И вот бортпроводницы опять проверяли перед взлетом какие-то ящички, а потом развозили на железных тележечках с десятками ячеечек всякие дурацкие безделушки, а потом предлагали напитки и еду. Мона как-то так хорошо себя вдруг почувствовала, что даже не заметила, как долетела. В аэропорту ее встретил симпатичный таксист, светило яркое солнце, и Мона, погрузив на заднее сидение этюдник и рюкзачок, сама уселась вперед, и вдруг решила: зачем тратить время и завозить в Яффу вещи – поеду-ка я в Иерусалим, прямо сейчас! Водитель довез ее очень быстро – и у Моны выступили слёзы на глазах, когда она почувствовала, скорее чем поняла, что подъезжает к городу.

– Я высажу Вас вот здесь, у ворот! – сказал водитель.

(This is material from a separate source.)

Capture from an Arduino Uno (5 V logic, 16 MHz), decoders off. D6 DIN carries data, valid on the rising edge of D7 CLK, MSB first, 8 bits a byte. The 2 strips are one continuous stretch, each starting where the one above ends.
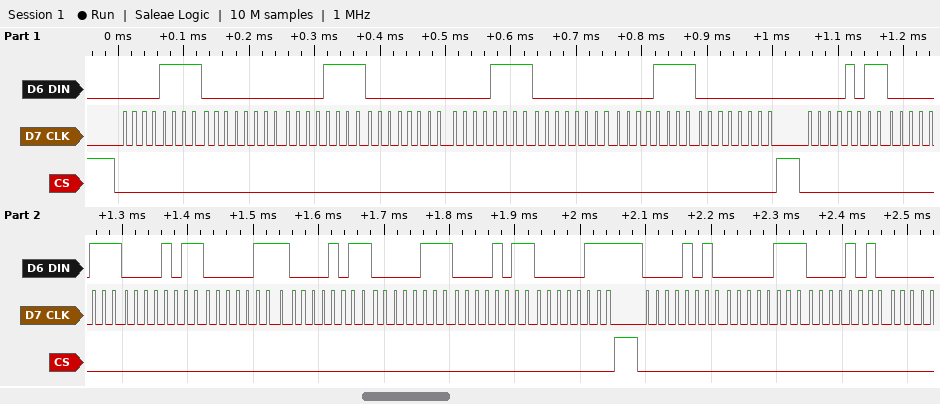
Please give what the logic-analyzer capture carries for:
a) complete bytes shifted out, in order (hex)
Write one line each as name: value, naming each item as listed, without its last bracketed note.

complete bytes shifted out, in order: 0F 00 0F 00 0F 00 0F 00 0B 07 0B 07 0B 07 0B 07 0A 07 0A
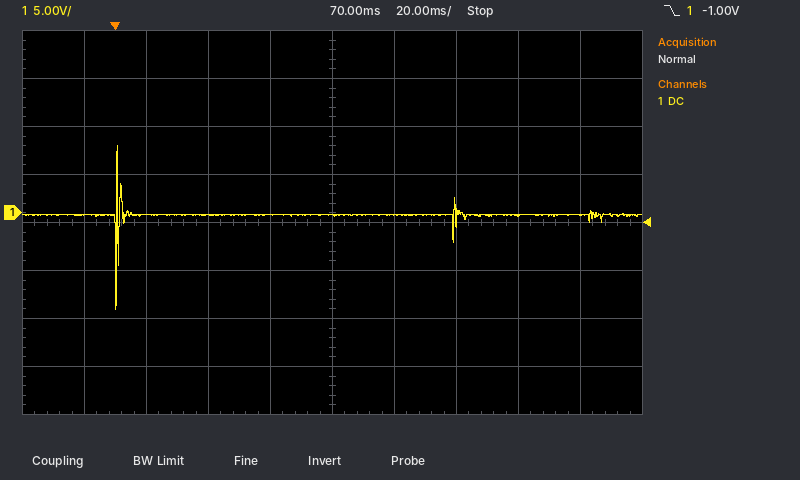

И Мона, надев на одно плечо крошечный студенческий рюкзачок, и взяв в руки сложенный упакованный этюдник, в восторге и благоговении остановилась перед совсем белой казавшейся, под ярким солнцем, городской стеной. Мона вошла в город, и первое, что ее удивило, – было то, что все встречные люди улыбались ей и приветствовали ее как хорошо и давно знакомого друга – и у всех этих людей были удивительно красивые, благородные, одухотворенные светлые лица. Мона шла дальше – по узким улицам между удивительных своей белоснежностью низеньких, двух-трех этажных домов с плоскими крышами – и с крыш этих, тоже удивительные какие-то, радостные, люди ее то и дело приветствовали – явно взбегая туда из домов специально чтобы взглянуть на нее и сказать ей «Мир Вам!» – словно для них ее приезд был праздником. Вдруг Мона увидела, что прямо по той мощенной золотистыми камнями улице, по которой она идет, к ней, издали, высунув язык, опрометью, шалея от скорости, со всех ног несется гигантская белоснежная собака – мохнатая, кучерявая, длинношерстая старо-английская овчарка, до безумия, до слёз, похожая на Фиону. Мона прислонилась к белой стене дома, нагретой солнцем, аккуратно положила рядом на брусчатку справа от себя этюдник, сбросила рюкзачок – и в изумлении ждала, пока громадная мохнатая белоснежная собака, с развевающейся от скорости бега на ветру белоснежной шерстью, добежит до нее. И только когда до нее оставалось уже несколько метров, и Мона услышала сладчайший в мире, густой, сахарный гав, который ни с чем во вселенной нельзя было перепутать, а потом увидела две крошечные дымчатые подпалины на правом белоснежном боку, а еще через долю секунды Фиона бросилась к ней, поставила ей передние тяжелые мохнатые лапы на плечи, чуть не уронив ее, и начала горячо целовать ее в щеки и в нос, – Мона, наконец-то, поняла, что произошло.